▸ **What the exercise asks**
Give back every record verbatim, but not the pictures.

=== Stored data ===

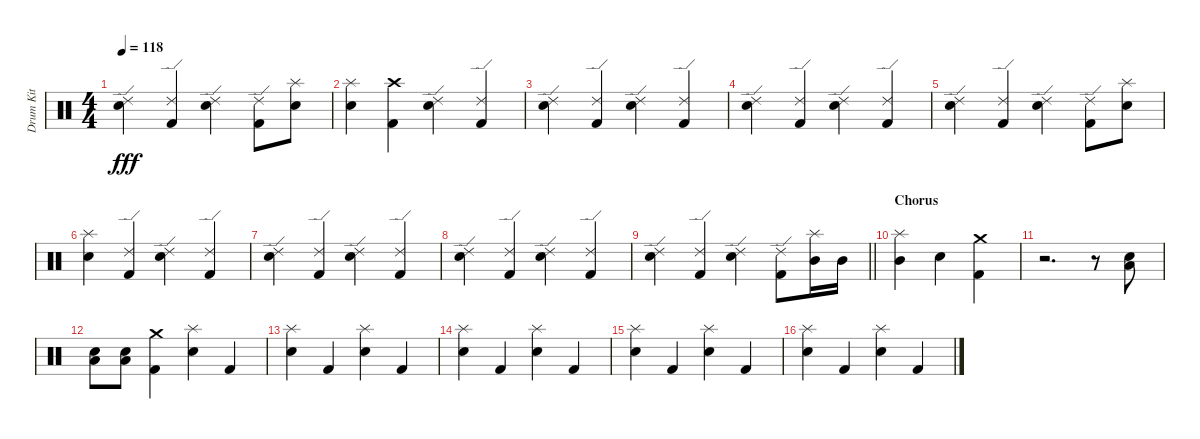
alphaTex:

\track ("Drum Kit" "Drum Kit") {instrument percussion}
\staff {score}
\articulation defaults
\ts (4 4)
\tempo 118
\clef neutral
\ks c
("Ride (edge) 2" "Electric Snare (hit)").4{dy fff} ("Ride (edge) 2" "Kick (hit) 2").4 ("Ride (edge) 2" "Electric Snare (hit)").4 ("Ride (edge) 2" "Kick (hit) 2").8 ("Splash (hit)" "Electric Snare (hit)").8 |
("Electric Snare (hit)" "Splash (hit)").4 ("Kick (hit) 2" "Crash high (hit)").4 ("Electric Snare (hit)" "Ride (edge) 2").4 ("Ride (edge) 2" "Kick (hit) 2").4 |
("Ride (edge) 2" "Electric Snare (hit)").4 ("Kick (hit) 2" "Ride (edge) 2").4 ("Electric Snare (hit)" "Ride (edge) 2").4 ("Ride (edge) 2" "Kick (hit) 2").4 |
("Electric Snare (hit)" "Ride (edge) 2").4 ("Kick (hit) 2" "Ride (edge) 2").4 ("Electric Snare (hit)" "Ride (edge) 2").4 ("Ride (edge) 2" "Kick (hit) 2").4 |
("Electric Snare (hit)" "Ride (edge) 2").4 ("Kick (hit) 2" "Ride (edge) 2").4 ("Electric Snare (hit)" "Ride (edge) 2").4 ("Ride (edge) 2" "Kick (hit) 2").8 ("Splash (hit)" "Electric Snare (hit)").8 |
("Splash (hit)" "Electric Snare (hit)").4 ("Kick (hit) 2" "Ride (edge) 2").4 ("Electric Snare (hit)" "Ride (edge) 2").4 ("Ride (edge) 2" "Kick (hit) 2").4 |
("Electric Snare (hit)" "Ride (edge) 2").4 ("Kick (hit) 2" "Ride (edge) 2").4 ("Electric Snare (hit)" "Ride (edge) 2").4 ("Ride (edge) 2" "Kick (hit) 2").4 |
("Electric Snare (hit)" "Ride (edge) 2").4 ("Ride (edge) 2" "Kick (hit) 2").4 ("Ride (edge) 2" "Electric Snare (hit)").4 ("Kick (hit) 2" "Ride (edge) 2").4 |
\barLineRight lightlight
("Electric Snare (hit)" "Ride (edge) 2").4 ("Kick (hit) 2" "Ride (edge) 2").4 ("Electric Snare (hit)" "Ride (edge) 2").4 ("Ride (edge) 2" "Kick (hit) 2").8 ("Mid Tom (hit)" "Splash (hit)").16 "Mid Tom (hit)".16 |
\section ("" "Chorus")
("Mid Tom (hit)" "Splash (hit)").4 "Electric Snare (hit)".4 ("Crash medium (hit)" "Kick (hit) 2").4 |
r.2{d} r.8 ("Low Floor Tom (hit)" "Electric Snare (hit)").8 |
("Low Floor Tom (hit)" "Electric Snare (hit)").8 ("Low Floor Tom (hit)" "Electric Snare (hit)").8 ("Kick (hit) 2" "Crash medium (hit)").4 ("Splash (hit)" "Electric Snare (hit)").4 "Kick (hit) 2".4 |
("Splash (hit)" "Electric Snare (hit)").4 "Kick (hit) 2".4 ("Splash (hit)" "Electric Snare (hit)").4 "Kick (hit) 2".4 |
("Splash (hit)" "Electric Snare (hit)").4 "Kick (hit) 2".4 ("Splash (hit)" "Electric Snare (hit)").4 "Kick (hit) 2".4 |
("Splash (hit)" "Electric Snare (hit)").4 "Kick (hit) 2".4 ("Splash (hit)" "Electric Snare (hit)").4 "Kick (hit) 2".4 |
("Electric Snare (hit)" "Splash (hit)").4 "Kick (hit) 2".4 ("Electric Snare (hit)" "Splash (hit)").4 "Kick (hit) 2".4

===

▸ **Result of this task**
alphaTex:

\track ("Drum Kit" "Drum Kit") {instrument percussion}
\staff {score}
\articulation defaults
\ts (4 4)
\tempo 118
\clef neutral
\ks c
("Ride (edge) 2" "Electric Snare (hit)").4{dy fff} ("Ride (edge) 2" "Kick (hit) 2").4 ("Ride (edge) 2" "Electric Snare (hit)").4 ("Ride (edge) 2" "Kick (hit) 2").8 ("Splash (hit)" "Electric Snare (hit)").8 |
("Electric Snare (hit)" "Splash (hit)").4 ("Kick (hit) 2" "Crash high (hit)").4 ("Electric Snare (hit)" "Ride (edge) 2").4 ("Ride (edge) 2" "Kick (hit) 2").4 |
("Ride (edge) 2" "Electric Snare (hit)").4 ("Kick (hit) 2" "Ride (edge) 2").4 ("Electric Snare (hit)" "Ride (edge) 2").4 ("Ride (edge) 2" "Kick (hit) 2").4 |
("Electric Snare (hit)" "Ride (edge) 2").4 ("Kick (hit) 2" "Ride (edge) 2").4 ("Electric Snare (hit)" "Ride (edge) 2").4 ("Ride (edge) 2" "Kick (hit) 2").4 |
("Electric Snare (hit)" "Ride (edge) 2").4 ("Kick (hit) 2" "Ride (edge) 2").4 ("Electric Snare (hit)" "Ride (edge) 2").4 ("Ride (edge) 2" "Kick (hit) 2").8 ("Splash (hit)" "Electric Snare (hit)").8 |
("Splash (hit)" "Electric Snare (hit)").4 ("Kick (hit) 2" "Ride (edge) 2").4 ("Electric Snare (hit)" "Ride (edge) 2").4 ("Ride (edge) 2" "Kick (hit) 2").4 |
("Electric Snare (hit)" "Ride (edge) 2").4 ("Kick (hit) 2" "Ride (edge) 2").4 ("Electric Snare (hit)" "Ride (edge) 2").4 ("Ride (edge) 2" "Kick (hit) 2").4 |
("Electric Snare (hit)" "Ride (edge) 2").4 ("Ride (edge) 2" "Kick (hit) 2").4 ("Ride (edge) 2" "Electric Snare (hit)").4 ("Kick (hit) 2" "Ride (edge) 2").4 |
\barLineRight lightlight
("Electric Snare (hit)" "Ride (edge) 2").4 ("Kick (hit) 2" "Ride (edge) 2").4 ("Electric Snare (hit)" "Ride (edge) 2").4 ("Ride (edge) 2" "Kick (hit) 2").8 ("Mid Tom (hit)" "Splash (hit)").16 "Mid Tom (hit)".16 |
\section ("" "Chorus")
("Mid Tom (hit)" "Splash (hit)").4 "Electric Snare (hit)".4 ("Crash medium (hit)" "Kick (hit) 2").4 |
r.2{d} r.8 ("Low Floor Tom (hit)" "Electric Snare (hit)").8 |
("Low Floor Tom (hit)" "Electric Snare (hit)").8 ("Low Floor Tom (hit)" "Electric Snare (hit)").8 ("Kick (hit) 2" "Crash medium (hit)").4 ("Splash (hit)" "Electric Snare (hit)").4 "Kick (hit) 2".4 |
("Splash (hit)" "Electric Snare (hit)").4 "Kick (hit) 2".4 ("Splash (hit)" "Electric Snare (hit)").4 "Kick (hit) 2".4 |
("Splash (hit)" "Electric Snare (hit)").4 "Kick (hit) 2".4 ("Splash (hit)" "Electric Snare (hit)").4 "Kick (hit) 2".4 |
("Splash (hit)" "Electric Snare (hit)").4 "Kick (hit) 2".4 ("Splash (hit)" "Electric Snare (hit)").4 "Kick (hit) 2".4 |
("Electric Snare (hit)" "Splash (hit)").4 "Kick (hit) 2".4 ("Electric Snare (hit)" "Splash (hit)").4 "Kick (hit) 2".4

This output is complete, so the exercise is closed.